▸ **WHAT NEEDS TO BE DONE**
Exact copy, pictures excluded: please retype the lines from the start of the material through the line containing "[0:00.0-0:11.2]", both ends included, and nothing more.

▸ **THE RECORDS**
──────────

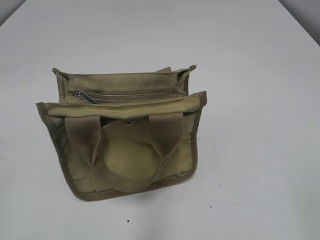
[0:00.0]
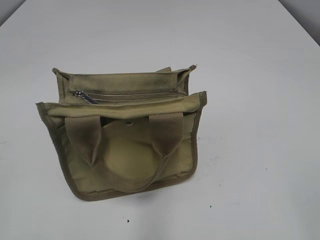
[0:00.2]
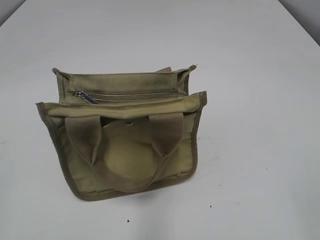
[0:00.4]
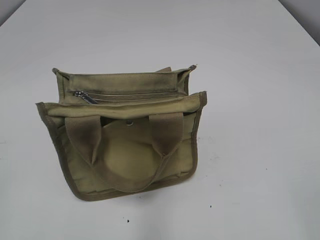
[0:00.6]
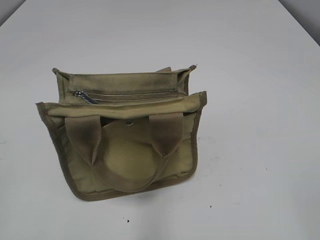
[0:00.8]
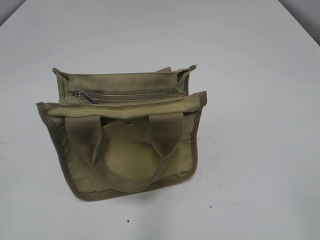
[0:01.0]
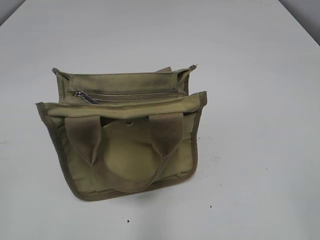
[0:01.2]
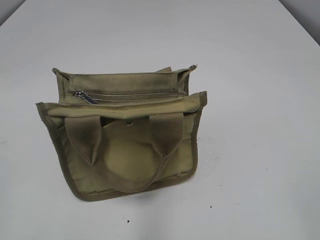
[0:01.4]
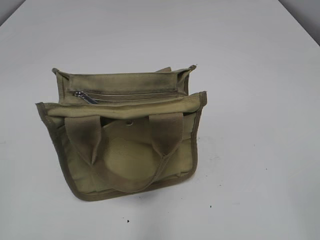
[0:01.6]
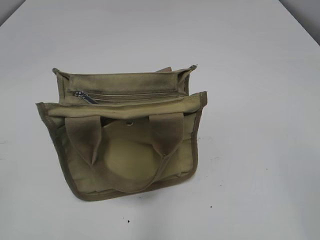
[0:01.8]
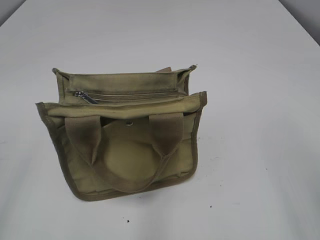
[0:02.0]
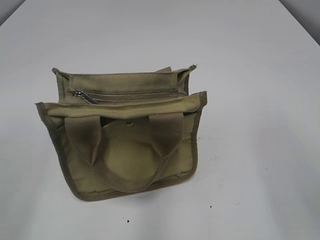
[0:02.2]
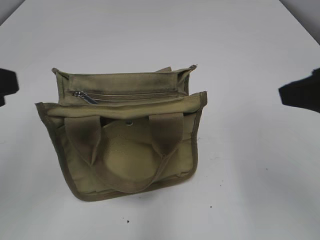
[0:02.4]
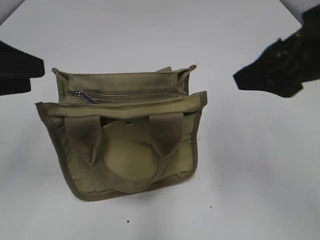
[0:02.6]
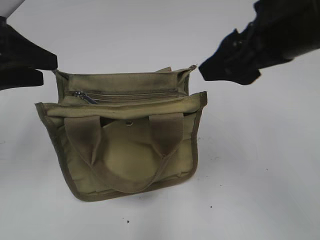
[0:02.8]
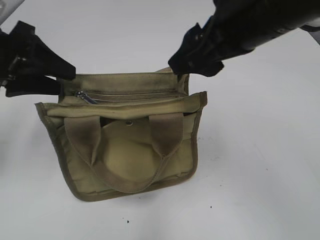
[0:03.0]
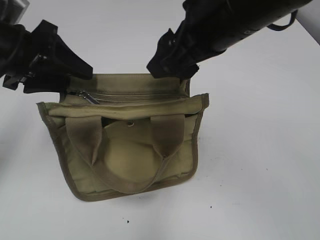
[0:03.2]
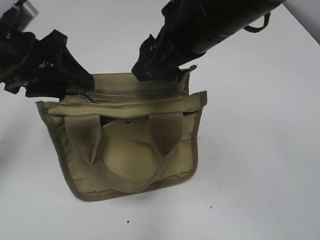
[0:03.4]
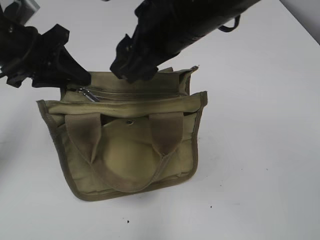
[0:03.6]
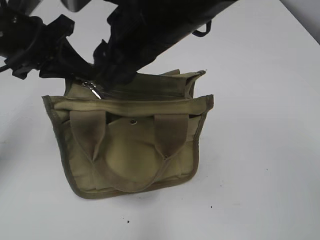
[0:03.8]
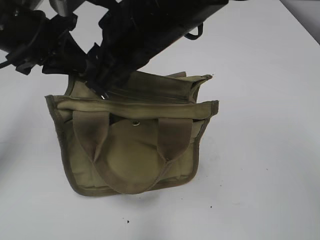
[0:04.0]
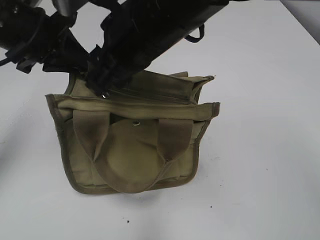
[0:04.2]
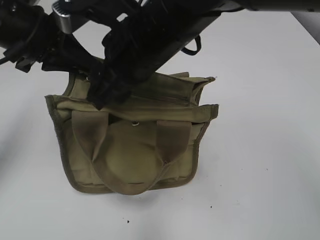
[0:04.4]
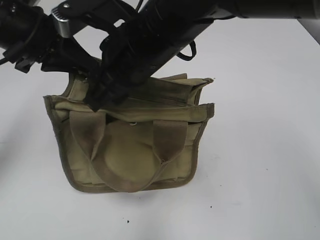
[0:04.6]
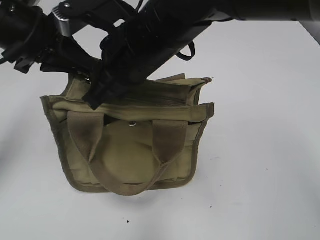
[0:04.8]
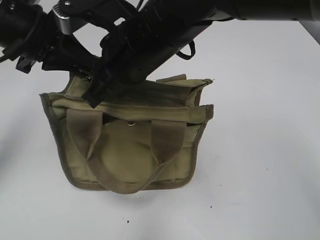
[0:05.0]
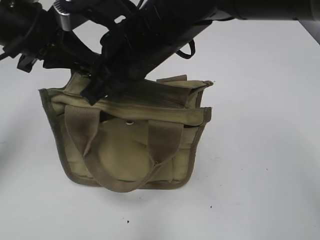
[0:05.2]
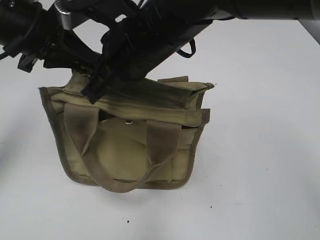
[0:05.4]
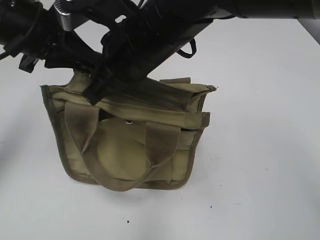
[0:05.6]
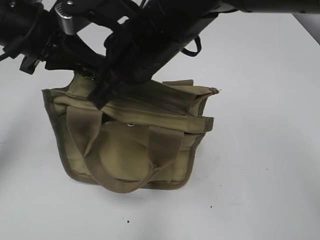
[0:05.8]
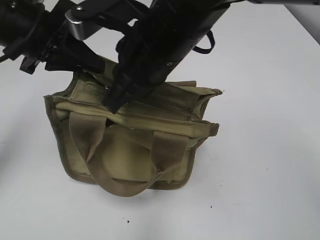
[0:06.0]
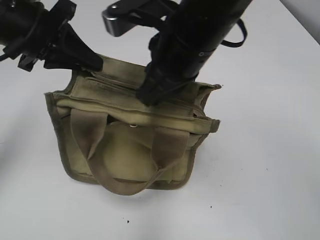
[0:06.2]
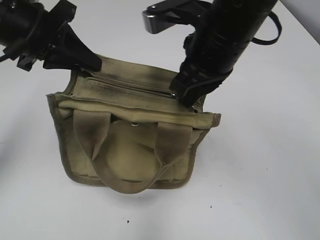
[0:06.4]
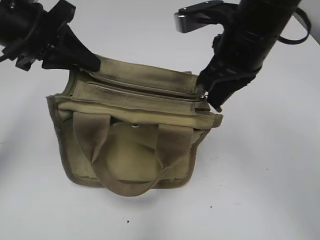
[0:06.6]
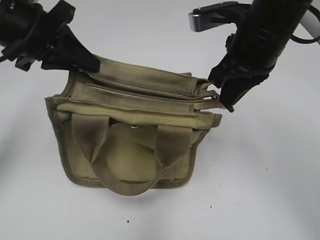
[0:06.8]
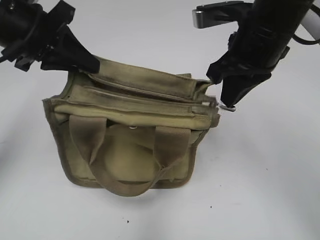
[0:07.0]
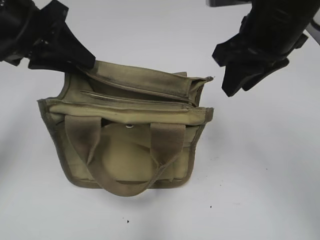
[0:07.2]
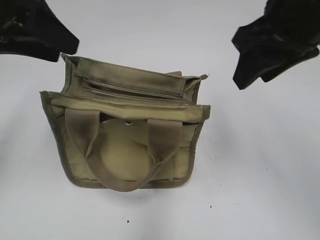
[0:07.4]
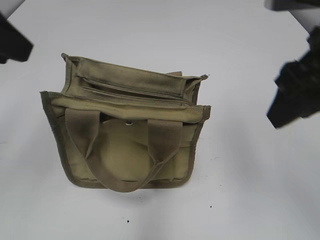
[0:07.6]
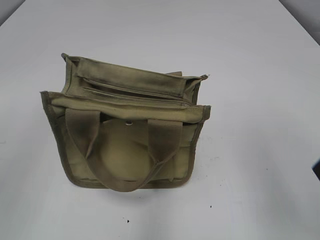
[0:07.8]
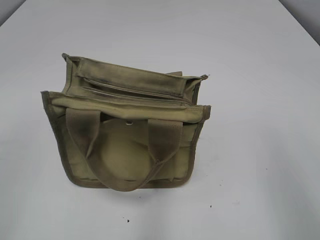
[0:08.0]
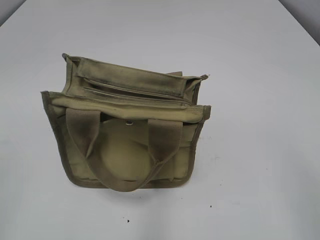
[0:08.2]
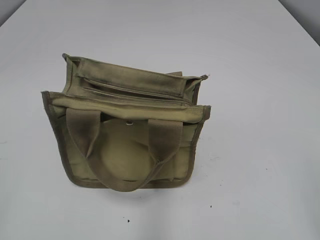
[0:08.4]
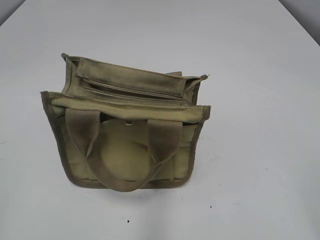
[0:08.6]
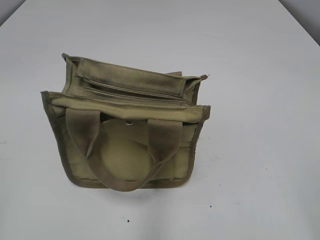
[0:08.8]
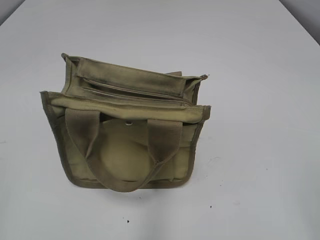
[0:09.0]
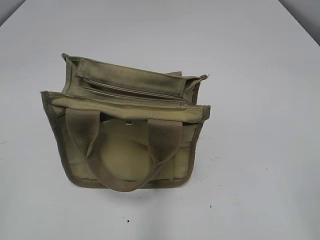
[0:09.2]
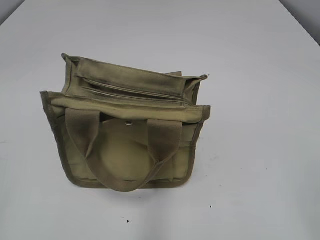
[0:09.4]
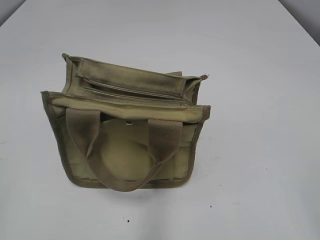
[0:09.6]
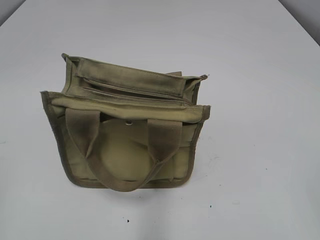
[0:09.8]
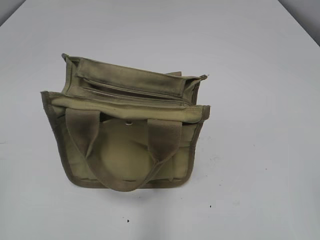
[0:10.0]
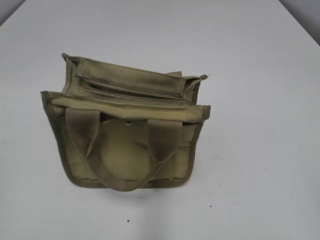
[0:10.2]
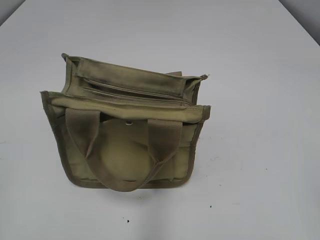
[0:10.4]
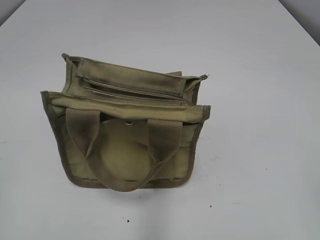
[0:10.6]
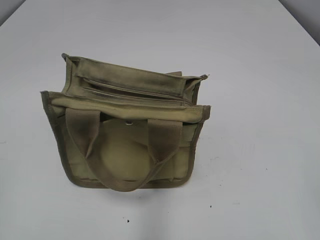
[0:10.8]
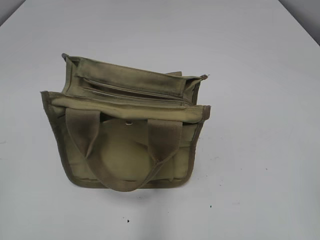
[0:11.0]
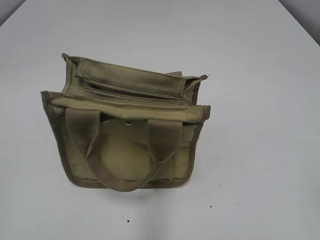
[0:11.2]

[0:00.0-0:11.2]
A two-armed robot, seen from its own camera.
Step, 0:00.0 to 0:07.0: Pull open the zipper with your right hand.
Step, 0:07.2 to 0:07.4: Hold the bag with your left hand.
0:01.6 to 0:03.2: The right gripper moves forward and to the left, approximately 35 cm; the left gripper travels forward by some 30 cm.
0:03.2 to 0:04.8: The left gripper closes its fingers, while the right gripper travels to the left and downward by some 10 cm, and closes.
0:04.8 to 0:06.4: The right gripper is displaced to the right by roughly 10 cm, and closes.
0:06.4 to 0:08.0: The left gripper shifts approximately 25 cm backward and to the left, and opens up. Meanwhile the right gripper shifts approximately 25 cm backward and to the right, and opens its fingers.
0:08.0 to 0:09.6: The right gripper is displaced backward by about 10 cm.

──────────

▸ **EXPECTED ANSWER**
[0:00.0]
[0:00.2]
[0:00.4]
[0:00.6]
[0:00.8]
[0:01.0]
[0:01.2]
[0:01.4]
[0:01.6]
[0:01.8]
[0:02.0]
[0:02.2]
[0:02.4]
[0:02.6]
[0:02.8]
[0:03.0]
[0:03.2]
[0:03.4]
[0:03.6]
[0:03.8]
[0:04.0]
[0:04.2]
[0:04.4]
[0:04.6]
[0:04.8]
[0:05.0]
[0:05.2]
[0:05.4]
[0:05.6]
[0:05.8]
[0:06.0]
[0:06.2]
[0:06.4]
[0:06.6]
[0:06.8]
[0:07.0]
[0:07.2]
[0:07.4]
[0:07.6]
[0:07.8]
[0:08.0]
[0:08.2]
[0:08.4]
[0:08.6]
[0:08.8]
[0:09.0]
[0:09.2]
[0:09.4]
[0:09.6]
[0:09.8]
[0:10.0]
[0:10.2]
[0:10.4]
[0:10.6]
[0:10.8]
[0:11.0]
[0:11.2]

[0:00.0-0:11.2]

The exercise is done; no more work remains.